* _TASK TO CARRY OUT_
From the top of the entries, reproduce each line exactly, stopping after the line that contains "Answer: Receive Inquiry". Omit pictures.

* _RECORD EXTRACTS_
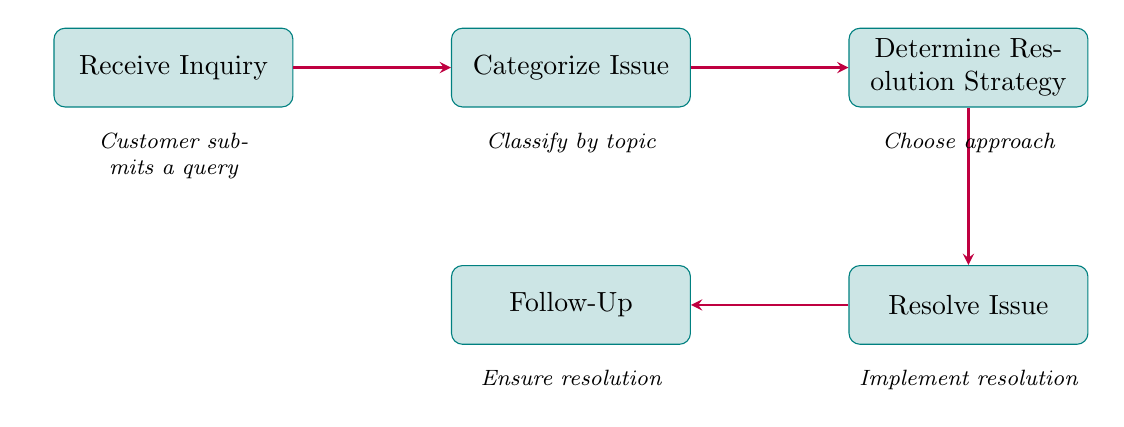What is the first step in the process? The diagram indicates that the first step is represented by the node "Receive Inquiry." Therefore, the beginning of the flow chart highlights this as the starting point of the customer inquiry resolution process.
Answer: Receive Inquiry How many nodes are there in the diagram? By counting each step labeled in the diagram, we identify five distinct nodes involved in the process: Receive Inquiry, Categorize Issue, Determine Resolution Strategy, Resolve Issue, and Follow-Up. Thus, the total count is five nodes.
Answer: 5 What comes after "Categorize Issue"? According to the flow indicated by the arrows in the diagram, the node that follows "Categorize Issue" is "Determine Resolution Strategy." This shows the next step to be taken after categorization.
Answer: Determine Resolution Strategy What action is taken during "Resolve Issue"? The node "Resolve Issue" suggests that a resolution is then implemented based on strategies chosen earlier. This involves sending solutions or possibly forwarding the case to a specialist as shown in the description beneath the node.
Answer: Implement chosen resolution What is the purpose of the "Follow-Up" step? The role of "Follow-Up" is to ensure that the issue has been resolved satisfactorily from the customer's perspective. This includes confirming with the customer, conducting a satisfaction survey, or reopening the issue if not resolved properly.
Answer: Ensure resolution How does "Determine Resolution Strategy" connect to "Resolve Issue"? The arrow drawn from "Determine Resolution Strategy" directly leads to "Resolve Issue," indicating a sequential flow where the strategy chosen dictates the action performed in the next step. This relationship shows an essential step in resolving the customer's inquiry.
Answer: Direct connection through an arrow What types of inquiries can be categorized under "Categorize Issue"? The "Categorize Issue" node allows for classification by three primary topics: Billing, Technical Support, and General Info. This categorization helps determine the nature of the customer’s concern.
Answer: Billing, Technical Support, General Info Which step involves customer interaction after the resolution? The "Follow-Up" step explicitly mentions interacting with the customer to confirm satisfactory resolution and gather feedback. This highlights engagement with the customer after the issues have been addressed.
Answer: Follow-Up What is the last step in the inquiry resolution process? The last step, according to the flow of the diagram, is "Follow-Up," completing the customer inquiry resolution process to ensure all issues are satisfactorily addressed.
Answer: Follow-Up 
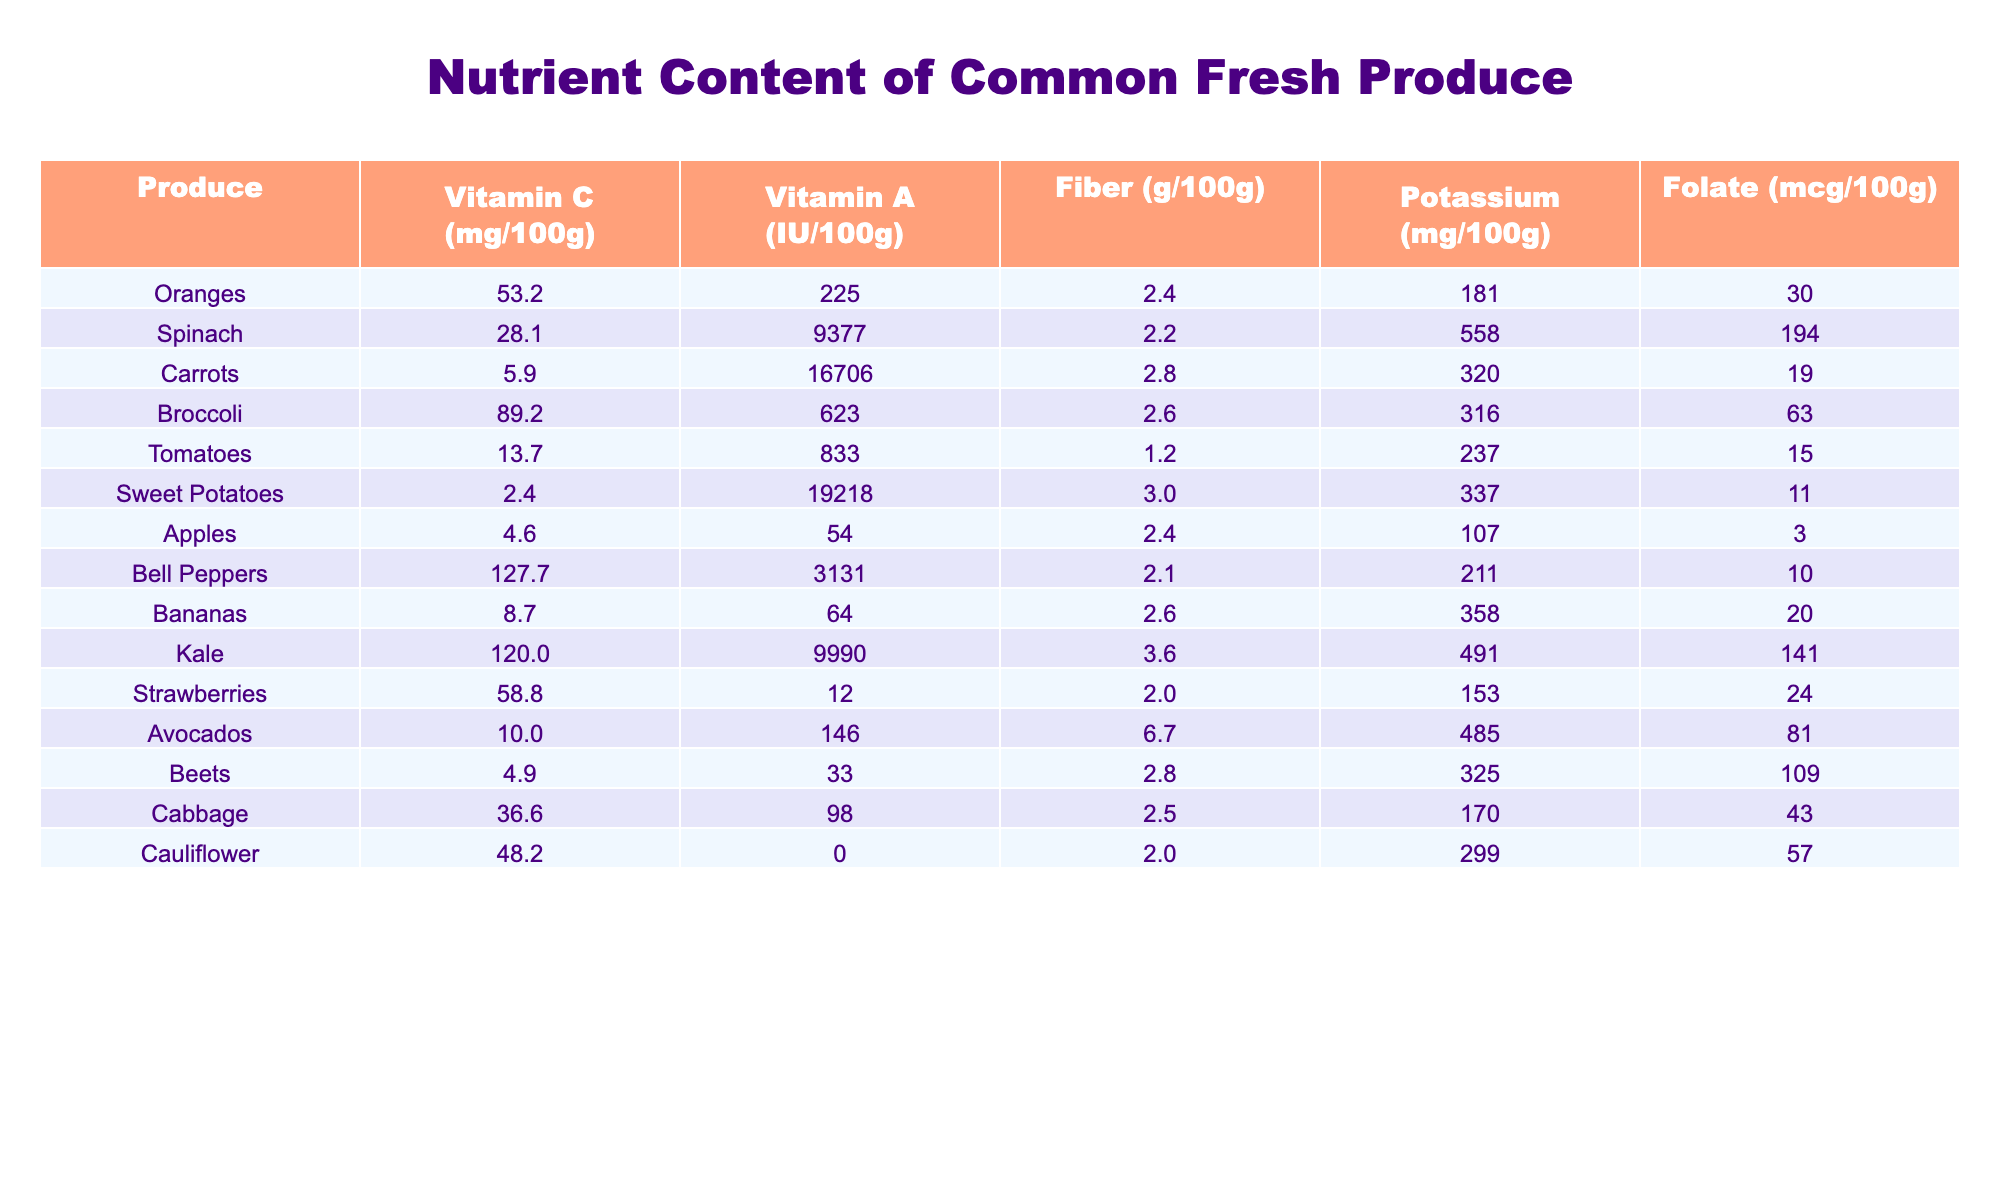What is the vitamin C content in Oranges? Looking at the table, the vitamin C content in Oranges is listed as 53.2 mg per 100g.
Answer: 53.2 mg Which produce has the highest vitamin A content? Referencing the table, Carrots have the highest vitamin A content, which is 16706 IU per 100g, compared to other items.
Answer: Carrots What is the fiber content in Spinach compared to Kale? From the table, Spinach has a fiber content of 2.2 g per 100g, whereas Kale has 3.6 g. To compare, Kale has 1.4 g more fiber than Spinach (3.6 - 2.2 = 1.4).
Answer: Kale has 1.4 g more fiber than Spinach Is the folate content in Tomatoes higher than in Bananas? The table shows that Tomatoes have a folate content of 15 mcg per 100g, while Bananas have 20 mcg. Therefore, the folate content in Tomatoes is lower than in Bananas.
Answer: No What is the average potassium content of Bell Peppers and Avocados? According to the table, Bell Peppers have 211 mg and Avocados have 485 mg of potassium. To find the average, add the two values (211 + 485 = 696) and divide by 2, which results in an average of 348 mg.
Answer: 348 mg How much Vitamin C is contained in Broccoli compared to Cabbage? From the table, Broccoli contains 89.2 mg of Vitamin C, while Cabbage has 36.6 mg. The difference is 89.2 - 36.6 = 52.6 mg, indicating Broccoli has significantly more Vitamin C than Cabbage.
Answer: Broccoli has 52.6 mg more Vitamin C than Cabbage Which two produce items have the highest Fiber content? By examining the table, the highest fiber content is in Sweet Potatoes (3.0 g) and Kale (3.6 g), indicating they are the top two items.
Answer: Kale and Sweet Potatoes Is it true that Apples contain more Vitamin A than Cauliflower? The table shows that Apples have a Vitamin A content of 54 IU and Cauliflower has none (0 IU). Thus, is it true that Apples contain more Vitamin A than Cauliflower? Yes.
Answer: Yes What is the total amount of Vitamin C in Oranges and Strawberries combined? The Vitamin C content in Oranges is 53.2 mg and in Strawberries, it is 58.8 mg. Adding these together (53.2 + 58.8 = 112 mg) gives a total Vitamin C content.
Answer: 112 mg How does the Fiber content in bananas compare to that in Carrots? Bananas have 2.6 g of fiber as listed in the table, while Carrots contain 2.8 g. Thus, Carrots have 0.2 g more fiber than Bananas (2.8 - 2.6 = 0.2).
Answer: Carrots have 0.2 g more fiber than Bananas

* _ANSWER FOR THIS EXERCISE_
What is the first step in the process? The diagram indicates that the first step is represented by the node "Receive Inquiry." Therefore, the beginning of the flow chart highlights this as the starting point of the customer inquiry resolution process.
Answer: Receive Inquiry How many nodes are there in the diagram? By counting each step labeled in the diagram, we identify five distinct nodes involved in the process: Receive Inquiry, Categorize Issue, Determine Resolution Strategy, Resolve Issue, and Follow-Up. Thus, the total count is five nodes.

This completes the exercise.